• Task objective
Give back exactly the lines from the start of the entries below to the line holding "from ezdxf.enums import", that line included, and leave every picture out.

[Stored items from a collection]
/---

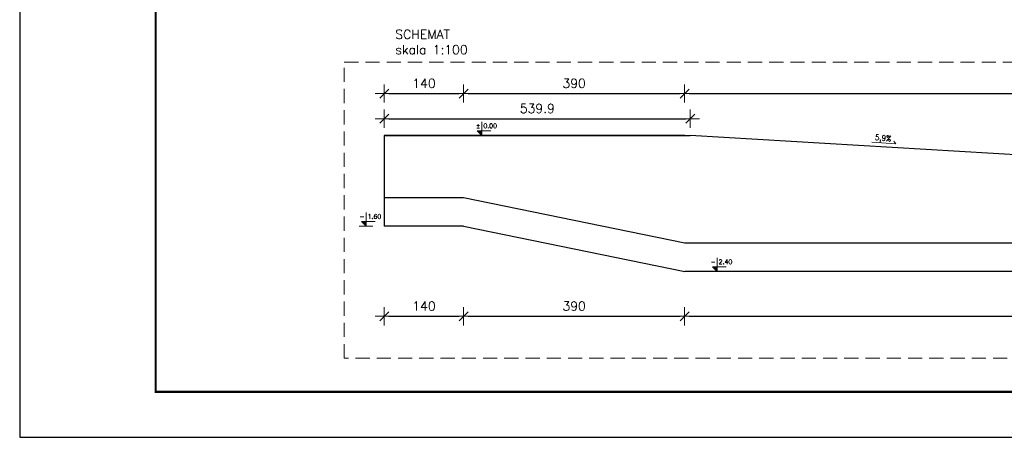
# Model space of a CAD drawing. Extents: x 99844 to 112241, y -209865 to -202412.
# Tile 1 of 12: x 99964 to 104307, y -209865 to -208023. Entities that reach past the tile are written whole.
import ezdxf
from ezdxf.enums import TextEntityAlignment as Align

# ---------------------------------------------------------------- set-up
doc = ezdxf.new("R2010")
doc.units = 0
doc.header["$LTSCALE"] = 5
doc.header["$MEASUREMENT"] = 0
doc.linetypes.add('HIDDEN', pattern=[0.375, 0.25, -0.125])
doc.layers.add('_FORMATKA', color=8, linetype='Continuous', lineweight=15, plot=False)
for name, color, linetype, lineweight in [('_RAMKA', 7, 'Continuous', 35), ('AutoCAD_Structural_Detailing_deskowanie', 2, 'Continuous', 30), ('AutoCAD_Structural_Detailing_symbole graficzne', 7, 'Continuous', 13), ('PS_DIM', 4, 'Continuous', 13), ('PS_HIDDEN', 2, 'HIDDEN', 13), ('PS_POS', 1, 'Continuous', 15)]:
    doc.layers.add(name, color=color, linetype=linetype, lineweight=lineweight)
doc.styles.add('ARIAL', font='arial.ttf')
doc.styles.add('marta', font='simplex.shx', dxfattribs={"width": 0.8})
doc.styles.add('styl2M', font='simplex.shx')
doc.styles.add('style1', font='simplex.shx')
doc.dimstyles.new('Kopia 20_100', dxfattribs={"dimtxt": 40, "dimasz": 20, "dimexe": 20, "dimexo": 150, "dimgap": 25, "dimtad": 1, "dimdec": 1, "dimlfac": 0.4, "dimzin": 9, "dimdsep": 46, "dimtxsty": 'styl2M', "dimblk": 'dimznak', "dimcen": 40, "dimse1": 1, "dimse2": 1, "dimclrd": 8, "dimclre": 8, "dimclrt": 4, "dimadec": 0, "dimazin": 0, "dimtfac": 1, "dimtdec": 1, "dimtix": 1, "dimtmove": 2, "dimatfit": 3, "dimldrblk": 'dimznak', "dimfxl": 5, "dimfxlon": 1, "dimarcsym": 0})

# ---------------------------------------------------------------- blocks, each defined once
blk = doc.blocks.new('*U17')
at = {"layer": '_FORMATKA', "lineweight": -3}
blk.add_lwpolyline([(-600, 0), (0, 0), (0, 297), (-600, 297)], close=True, dxfattribs=at)
at = {"layer": '_RAMKA', "lineweight": -3, "const_width": 0.5}
blk.add_lwpolyline([(-570, 10), (-10, 10), (-10, 287), (-570, 287)], close=True, dxfattribs=at)
blk = doc.blocks.new('dimznak')
at = {"color": 0}
for points in [[(-2, 0), (2, 0)], [(0, 2), (0, -2)]]:
    blk.add_lwpolyline(points, dxfattribs=at)
at = {"color": 3}
blk.add_lwpolyline([(1, 1), (-1, -1)], dxfattribs=at)
blk = doc.blocks.new('*D37')
at = {"layer": 'Defpoints', "color": 0, "transparency": 16777216}
for p in [(106709.8, -208349.3), (102897.3, -208533.8), (106709.8, -208758.8)]:
    blk.add_point(p, dxfattribs=at)
at = {"layer": 'PS_DIM', "color": 8, "lineweight": -2, "transparency": 16777216}
blk.add_line((102917.3, -208349.3), (106689.8, -208349.3), dxfattribs=at)
at = {"layer": 'PS_DIM', "color": 8, "lineweight": -2, "transparency": 16777216, "xscale": 20, "yscale": 20, "zscale": 20, "rotation": 180}
blk.add_blockref('dimznak', (102897.3, -208349.3), dxfattribs=at)
at = {"layer": 'PS_DIM', "color": 8, "lineweight": -2, "transparency": 16777216, "xscale": 20, "yscale": 20, "zscale": 20}
blk.add_blockref('dimznak', (106709.8, -208349.3), dxfattribs=at)
at = {"layer": 'PS_DIM', "color": 4, "transparency": 16777216, "insert": (104803.6, -208304.3), "char_height": 40, "attachment_point": 5, "style": 'styl2M'}
blk.add_mtext('1525', dxfattribs=at)
blk = doc.blocks.new('*D38')
at = {"layer": 'Defpoints', "color": 0, "transparency": 16777216}
for p in [(101922.3, -208349.3), (101572.2, -208533.8), (101922.3, -208808.8)]:
    blk.add_point(p, dxfattribs=at)
at = {"layer": 'PS_DIM', "color": 8, "lineweight": -2, "transparency": 16777216}
blk.add_line((101592.2, -208349.3), (101902.3, -208349.3), dxfattribs=at)
at = {"layer": 'PS_DIM', "color": 8, "lineweight": -2, "transparency": 16777216, "xscale": 20, "yscale": 20, "zscale": 20, "rotation": 180}
blk.add_blockref('dimznak', (101572.2, -208349.3), dxfattribs=at)
at = {"layer": 'PS_DIM', "color": 8, "lineweight": -2, "transparency": 16777216, "xscale": 20, "yscale": 20, "zscale": 20}
blk.add_blockref('dimznak', (101922.3, -208349.3), dxfattribs=at)
at = {"layer": 'PS_DIM', "color": 4, "transparency": 16777216, "insert": (101747.3, -208304.3), "char_height": 40, "attachment_point": 5, "style": 'styl2M'}
blk.add_mtext('140', dxfattribs=at)
blk = doc.blocks.new('*D39')
at = {"layer": 'Defpoints', "color": 0, "transparency": 16777216}
for p in [(102897.3, -208349.3), (102897.3, -208533.8), (101922.3, -208808.8)]:
    blk.add_point(p, dxfattribs=at)
at = {"layer": 'PS_DIM', "color": 8, "lineweight": -2, "transparency": 16777216}
blk.add_line((101942.3, -208349.3), (102877.3, -208349.3), dxfattribs=at)
at = {"layer": 'PS_DIM', "color": 8, "lineweight": -2, "transparency": 16777216, "xscale": 20, "yscale": 20, "zscale": 20, "rotation": 180}
blk.add_blockref('dimznak', (101922.3, -208349.3), dxfattribs=at)
at = {"layer": 'PS_DIM', "color": 8, "lineweight": -2, "transparency": 16777216, "xscale": 20, "yscale": 20, "zscale": 20}
blk.add_blockref('dimznak', (102897.3, -208349.3), dxfattribs=at)
at = {"layer": 'PS_DIM', "color": 4, "transparency": 16777216, "insert": (102409.8, -208304.3), "char_height": 40, "attachment_point": 5, "style": 'styl2M'}
blk.add_mtext('390', dxfattribs=at)
blk = doc.blocks.new('*D41')
at = {"layer": 'Defpoints', "color": 0, "transparency": 16777216}
for p in [(102922.1, -208460), (101572.2, -208533.8), (102922.1, -208533.8)]:
    blk.add_point(p, dxfattribs=at)
at = {"layer": 'PS_DIM', "color": 8, "lineweight": -2, "transparency": 16777216}
blk.add_line((101592.2, -208460), (102902.1, -208460), dxfattribs=at)
at = {"layer": 'PS_DIM', "color": 8, "lineweight": -2, "transparency": 16777216, "xscale": 20, "yscale": 20, "zscale": 20, "rotation": 180}
blk.add_blockref('dimznak', (101572.2, -208460), dxfattribs=at)
at = {"layer": 'PS_DIM', "color": 8, "lineweight": -2, "transparency": 16777216, "xscale": 20, "yscale": 20, "zscale": 20}
blk.add_blockref('dimznak', (102922.1, -208460), dxfattribs=at)
at = {"layer": 'PS_DIM', "color": 4, "transparency": 16777216, "insert": (102247.2, -208415), "char_height": 40, "attachment_point": 5, "style": 'styl2M'}
blk.add_mtext('539.9', dxfattribs=at)
blk = doc.blocks.new('*D42')
at = {"layer": 'Defpoints', "color": 0, "transparency": 16777216}
for p in [(101572.2, -208933.8), (101922.3, -208933.8), (101922.3, -209331.7)]:
    blk.add_point(p, dxfattribs=at)
at = {"layer": 'PS_DIM', "color": 8, "lineweight": -2, "transparency": 16777216}
blk.add_line((101592.2, -209331.7), (101902.3, -209331.7), dxfattribs=at)
at = {"layer": 'PS_DIM', "color": 8, "lineweight": -2, "transparency": 16777216, "xscale": 20, "yscale": 20, "zscale": 20, "rotation": 180}
blk.add_blockref('dimznak', (101572.2, -209331.7), dxfattribs=at)
at = {"layer": 'PS_DIM', "color": 8, "lineweight": -2, "transparency": 16777216, "xscale": 20, "yscale": 20, "zscale": 20}
blk.add_blockref('dimznak', (101922.3, -209331.7), dxfattribs=at)
at = {"layer": 'PS_DIM', "color": 4, "transparency": 16777216, "insert": (101747.3, -209286.7), "char_height": 40, "attachment_point": 5, "style": 'styl2M'}
blk.add_mtext('140', dxfattribs=at)
blk = doc.blocks.new('*D43')
at = {"layer": 'Defpoints', "color": 0, "transparency": 16777216}
for p in [(101922.3, -208933.8), (102897.3, -209133.8), (102897.3, -209331.7)]:
    blk.add_point(p, dxfattribs=at)
at = {"layer": 'PS_DIM', "color": 8, "lineweight": -2, "transparency": 16777216}
blk.add_line((101942.3, -209331.7), (102877.3, -209331.7), dxfattribs=at)
at = {"layer": 'PS_DIM', "color": 8, "lineweight": -2, "transparency": 16777216, "xscale": 20, "yscale": 20, "zscale": 20, "rotation": 180}
blk.add_blockref('dimznak', (101922.3, -209331.7), dxfattribs=at)
at = {"layer": 'PS_DIM', "color": 8, "lineweight": -2, "transparency": 16777216, "xscale": 20, "yscale": 20, "zscale": 20}
blk.add_blockref('dimznak', (102897.3, -209331.7), dxfattribs=at)
at = {"layer": 'PS_DIM', "color": 4, "transparency": 16777216, "insert": (102409.8, -209286.7), "char_height": 40, "attachment_point": 5, "style": 'styl2M'}
blk.add_mtext('390', dxfattribs=at)
blk = doc.blocks.new('*D44')
at = {"layer": 'Defpoints', "color": 0, "transparency": 16777216}
for p in [(102897.3, -209133.8), (106709.8, -209133.8), (106709.8, -209331.7)]:
    blk.add_point(p, dxfattribs=at)
at = {"layer": 'PS_DIM', "color": 8, "lineweight": -2, "transparency": 16777216}
blk.add_line((102917.3, -209331.7), (106689.8, -209331.7), dxfattribs=at)
at = {"layer": 'PS_DIM', "color": 8, "lineweight": -2, "transparency": 16777216, "xscale": 20, "yscale": 20, "zscale": 20, "rotation": 180}
blk.add_blockref('dimznak', (102897.3, -209331.7), dxfattribs=at)
at = {"layer": 'PS_DIM', "color": 8, "lineweight": -2, "transparency": 16777216, "xscale": 20, "yscale": 20, "zscale": 20}
blk.add_blockref('dimznak', (106709.8, -209331.7), dxfattribs=at)
at = {"layer": 'PS_DIM', "color": 4, "transparency": 16777216, "insert": (104803.6, -209286.7), "char_height": 40, "attachment_point": 5, "style": 'styl2M'}
blk.add_mtext('1525', dxfattribs=at)

msp = doc.modelspace()

# ---------------------------------------------------------------- hatches: boundary and pattern name
at = {"layer": 'AutoCAD_Structural_Detailing_symbole graficzne'}
for points in [[(101982.63, -208513.82), (102002.63, -208533.82), (102002.63, -208513.82)], [(101471.99, -208913.82), (101491.99, -208933.82), (101491.99, -208913.82)], [(103020.63, -209113.82), (103040.63, -209133.82), (103040.63, -209113.82)]]:
    msp.add_hatch(color=1, dxfattribs=at).paths.add_polyline_path(points, flags=0)

# ---------------------------------------------------------------- linework, layer by layer
at = {"layer": 'AutoCAD_Structural_Detailing_deskowanie'}
for p, q in [((102897.34, -208533.82), (101572.24, -208533.82)), ((101572.24, -208533.82), (101572.24, -208933.82)), ((101572.24, -208533.82), (102922.09, -208533.82)), ((106709.84, -208758.82), (102922.09, -208533.82)), ((101922.34, -208808.82), (101572.24, -208808.82)), ((102897.34, -209008.82), (101922.34, -208808.82)), ((101922.34, -208933.82), (101572.24, -208933.82)), ((101922.34, -208933.82), (102897.34, -209133.82)), ((106709.84, -209008.82), (102897.34, -209008.82)), ((106709.84, -209133.82), (102897.34, -209133.82))]:
    msp.add_line(p, q, dxfattribs=at)
at = {"layer": 'AutoCAD_Structural_Detailing_symbole graficzne', "color": 1}
for p, q in [((102002.63, -208533.82), (102002.63, -208473.82)), ((102032.63, -208533.82), (101972.63, -208533.82)), ((102042.63, -208513.82), (101982.63, -208513.82)), ((101982.63, -208513.82), (102002.63, -208533.82)), ((101491.99, -208933.82), (101491.99, -208873.82)), ((101521.99, -208933.82), (101461.99, -208933.82)), ((101531.99, -208913.82), (101471.99, -208913.82)), ((101471.99, -208913.82), (101491.99, -208933.82)), ((103040.63, -209133.82), (103040.63, -209073.82)), ((103070.63, -209133.82), (103010.63, -209133.82)), ((103080.63, -209113.82), (103020.63, -209113.82)), ((103020.63, -209113.82), (103040.63, -209133.82))]:
    msp.add_line(p, q, dxfattribs=at)
at = {"layer": 'PS_DIM'}
msp.add_lwpolyline([(103722.72, -208563.94), (103829.61, -208570.24), (103819.67, -208558.57)], dxfattribs=at)
at = {"layer": 'PS_HIDDEN', "ltscale": 50}
msp.add_lwpolyline([(101395.22, -208210.63), (106945.36, -208210.63), (106945.36, -209516.46), (101395.22, -209516.46)], close=True, dxfattribs=at)

# ---------------------------------------------------------------- block references
at = {"layer": 'PS_DIM', "xscale": 20, "yscale": 20, "zscale": 20}
msp.add_blockref('*U17', (111963.71, -209865.43), dxfattribs=at)

# ---------------------------------------------------------------- texts
at = {"layer": 'AutoCAD_Structural_Detailing_symbole graficzne', "color": 2}
for s, height, style, p in [('SCHEMAT ', 40, 'style1', (101621.1, -208120.28)), ('skala 1:100', 40, 'style1', (101621.1, -208187.85)), ('0.00 ', 20, 'marta', (102009.3, -208507.15)), ('1.60', 20, 'marta', (101498.66, -208907.15)), ('2.40 ', 20, 'marta', (103047.29, -209107.15))]:
    msp.add_text(s, height=height, dxfattribs=dict(at, style=style)).set_placement(p, align=Align.BOTTOM_LEFT)
at = {"layer": 'AutoCAD_Structural_Detailing_symbole graficzne', "color": 2, "style": 'marta'}
for s, p in [('±', (101995.97, -208507.15)), ('-', (101485.33, -208907.15)), ('-', (103033.96, -209107.15))]:
    msp.add_text(s, height=20, dxfattribs=at).set_placement(p, align=Align.BOTTOM_RIGHT)
at = {"layer": 'PS_POS', "color": 2, "insert": (103738.64, -208528.98), "char_height": 25, "width": 725.0969, "attachment_point": 1, "rotation": 354.56299, "style": 'ARIAL'}
msp.add_mtext('{\\Fsimplex|c238;\\W0.9;5,9%}', dxfattribs=at)

# ---------------------------------------------------------------- dimensions: what is measured, and where the dimension line sits
at = {"layer": 'PS_DIM'}
for base, p1, p2, picture, middle in [((101922.34, -208349.31), (101572.24, -208533.82), (101922.34, -208808.82), '*D38', (101747.29, -208304.31)), ((102897.34, -208349.31), (101922.34, -208808.82), (102897.34, -208533.82), '*D39', (102409.84, -208304.31)), ((106709.84, -208349.31), (102897.34, -208533.82), (106709.84, -208758.82), '*D37', (104803.59, -208304.31)), ((102922.09, -208460.01), (101572.24, -208533.82), (102922.09, -208533.82), '*D41', (102247.16, -208415.01)), ((101922.34, -209331.66), (101572.24, -208933.82), (101922.34, -208933.82), '*D42', (101747.29, -209286.66)), ((102897.34, -209331.66), (101922.34, -208933.82), (102897.34, -209133.82), '*D43', (102409.84, -209286.66)), ((106709.84, -209331.66), (102897.34, -209133.82), (106709.84, -209133.82), '*D44', (104803.59, -209286.66))]:
    dim = msp.add_linear_dim(base=base, p1=p1, p2=p2, dimstyle='Kopia 20_100', dxfattribs=at)
    dim.commit()
    dim.dimension.update_dxf_attribs({"geometry": picture, "text_midpoint": middle})

doc.saveas('drawing.dxf')

\---

• Written solution
# Model space of a CAD drawing. Extents: x 99844 to 112241, y -209865 to -202412.
# Tile 1 of 12: x 99964 to 104307, y -209865 to -208023. Entities that reach past the tile are written whole.
import ezdxf
from ezdxf.enums import TextEntityAlignment as Align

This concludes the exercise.